Proven Cost Efficiency in Production

Cloudflare tested Kimi K2.5 extensively across internal tools and production workloads. A security review agent processing 7 billion tokens daily across a single codebase demonstrates the value proposition: the same workload would cost approximately $2.4M annually on a mid-tier proprietary model but costs a fraction of that with Kimi, achieving a 77% cost reduction. The model powers Cloudflare's internal development tools, including the OpenCode environment and the public Bonk code review agent on GitHub.

Infrastructure Optimizations for Scale

Serving large models at scale requires more than running models out-of-the-box. Cloudflare has implemented:

  • Custom kernels optimized for Kimi K2.5 built on top of the proprietary Infire inference engine
  • Advanced parallelization techniques (data, tensor, and expert parallelization)
  • Disaggregated prefill strategies that separate prefill and generation stages for better throughput and GPU utilization
  • Prefix caching to reduce redundant processing in multi-turn agent conversations

Developers no longer need ML engineering expertise to achieve these optimizations—Cloudflare handles the complexity.
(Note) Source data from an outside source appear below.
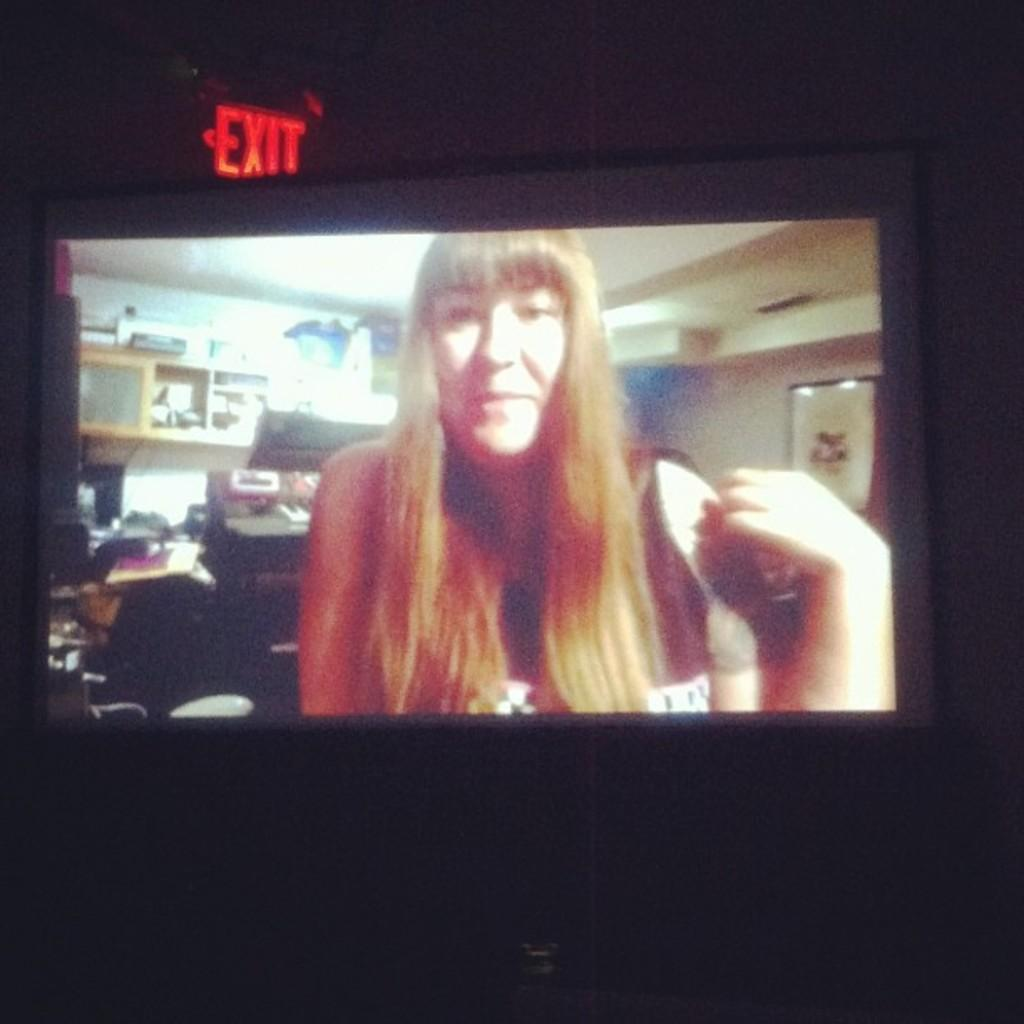Provide a one-sentence caption for the provided image. A projection screen shows a woman, just below an exit sign. 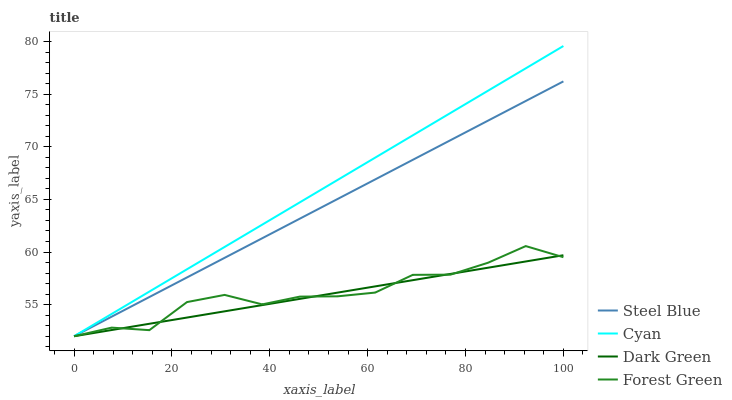Does Forest Green have the minimum area under the curve?
Answer yes or no. No. Does Forest Green have the maximum area under the curve?
Answer yes or no. No. Is Steel Blue the smoothest?
Answer yes or no. No. Is Steel Blue the roughest?
Answer yes or no. No. Does Forest Green have the highest value?
Answer yes or no. No. 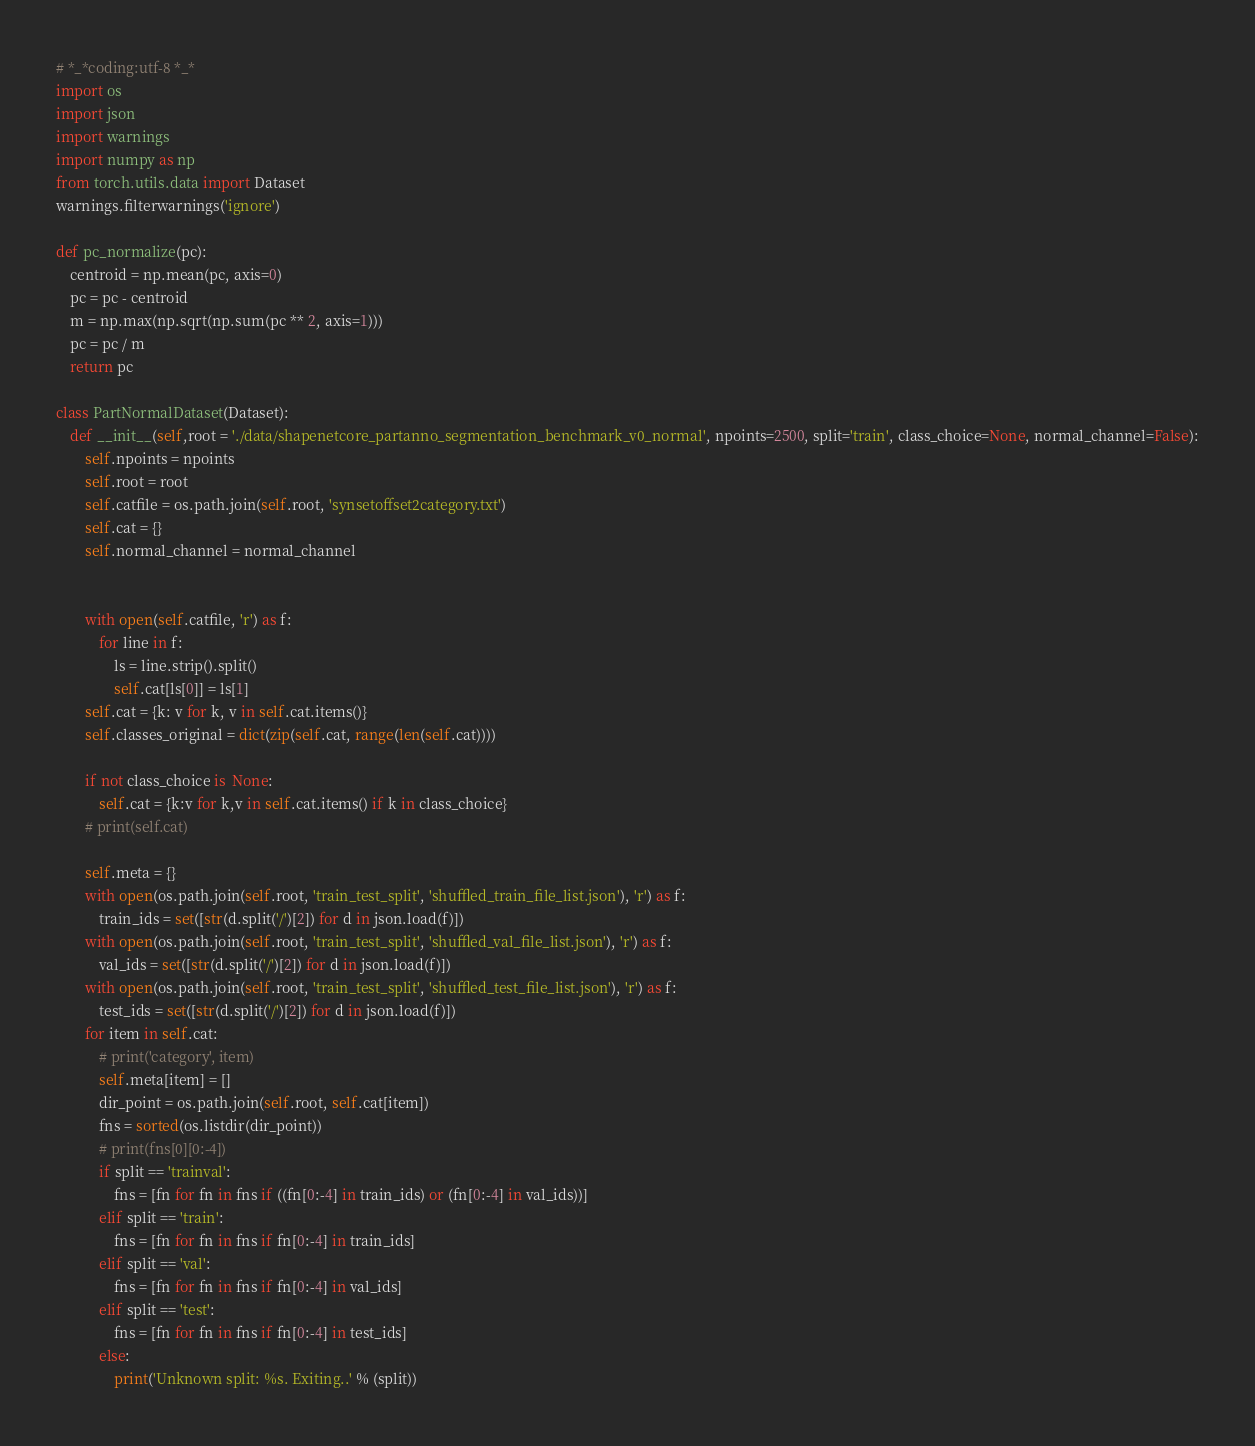<code> <loc_0><loc_0><loc_500><loc_500><_Python_># *_*coding:utf-8 *_*
import os
import json
import warnings
import numpy as np
from torch.utils.data import Dataset
warnings.filterwarnings('ignore')

def pc_normalize(pc):
    centroid = np.mean(pc, axis=0)
    pc = pc - centroid
    m = np.max(np.sqrt(np.sum(pc ** 2, axis=1)))
    pc = pc / m
    return pc

class PartNormalDataset(Dataset):
    def __init__(self,root = './data/shapenetcore_partanno_segmentation_benchmark_v0_normal', npoints=2500, split='train', class_choice=None, normal_channel=False):
        self.npoints = npoints
        self.root = root
        self.catfile = os.path.join(self.root, 'synsetoffset2category.txt')
        self.cat = {}
        self.normal_channel = normal_channel


        with open(self.catfile, 'r') as f:
            for line in f:
                ls = line.strip().split()
                self.cat[ls[0]] = ls[1]
        self.cat = {k: v for k, v in self.cat.items()}
        self.classes_original = dict(zip(self.cat, range(len(self.cat))))

        if not class_choice is  None:
            self.cat = {k:v for k,v in self.cat.items() if k in class_choice}
        # print(self.cat)

        self.meta = {}
        with open(os.path.join(self.root, 'train_test_split', 'shuffled_train_file_list.json'), 'r') as f:
            train_ids = set([str(d.split('/')[2]) for d in json.load(f)])
        with open(os.path.join(self.root, 'train_test_split', 'shuffled_val_file_list.json'), 'r') as f:
            val_ids = set([str(d.split('/')[2]) for d in json.load(f)])
        with open(os.path.join(self.root, 'train_test_split', 'shuffled_test_file_list.json'), 'r') as f:
            test_ids = set([str(d.split('/')[2]) for d in json.load(f)])
        for item in self.cat:
            # print('category', item)
            self.meta[item] = []
            dir_point = os.path.join(self.root, self.cat[item])
            fns = sorted(os.listdir(dir_point))
            # print(fns[0][0:-4])
            if split == 'trainval':
                fns = [fn for fn in fns if ((fn[0:-4] in train_ids) or (fn[0:-4] in val_ids))]
            elif split == 'train':
                fns = [fn for fn in fns if fn[0:-4] in train_ids]
            elif split == 'val':
                fns = [fn for fn in fns if fn[0:-4] in val_ids]
            elif split == 'test':
                fns = [fn for fn in fns if fn[0:-4] in test_ids]
            else:
                print('Unknown split: %s. Exiting..' % (split))</code>

Platform-Wide Improvements for Agents

Beyond the Kimi launch, Cloudflare is releasing platform improvements specifically designed for agentic workloads. These enhancements complement existing agent infrastructure including Durable Objects for state persistence, Workflows for long-running tasks, the Agents SDK for building agentic applications, and Sandbox containers for secure execution.

What's Next

As AI adoption accelerates and personal agents become commonplace (like OpenClaw running 24/7), cost becomes the primary constraint rather than capability. Enterprises can now transition from proprietary models to frontier open-source alternatives via Workers AI, supporting everything from personal agents to organization-wide autonomous systems on a single, unified platform.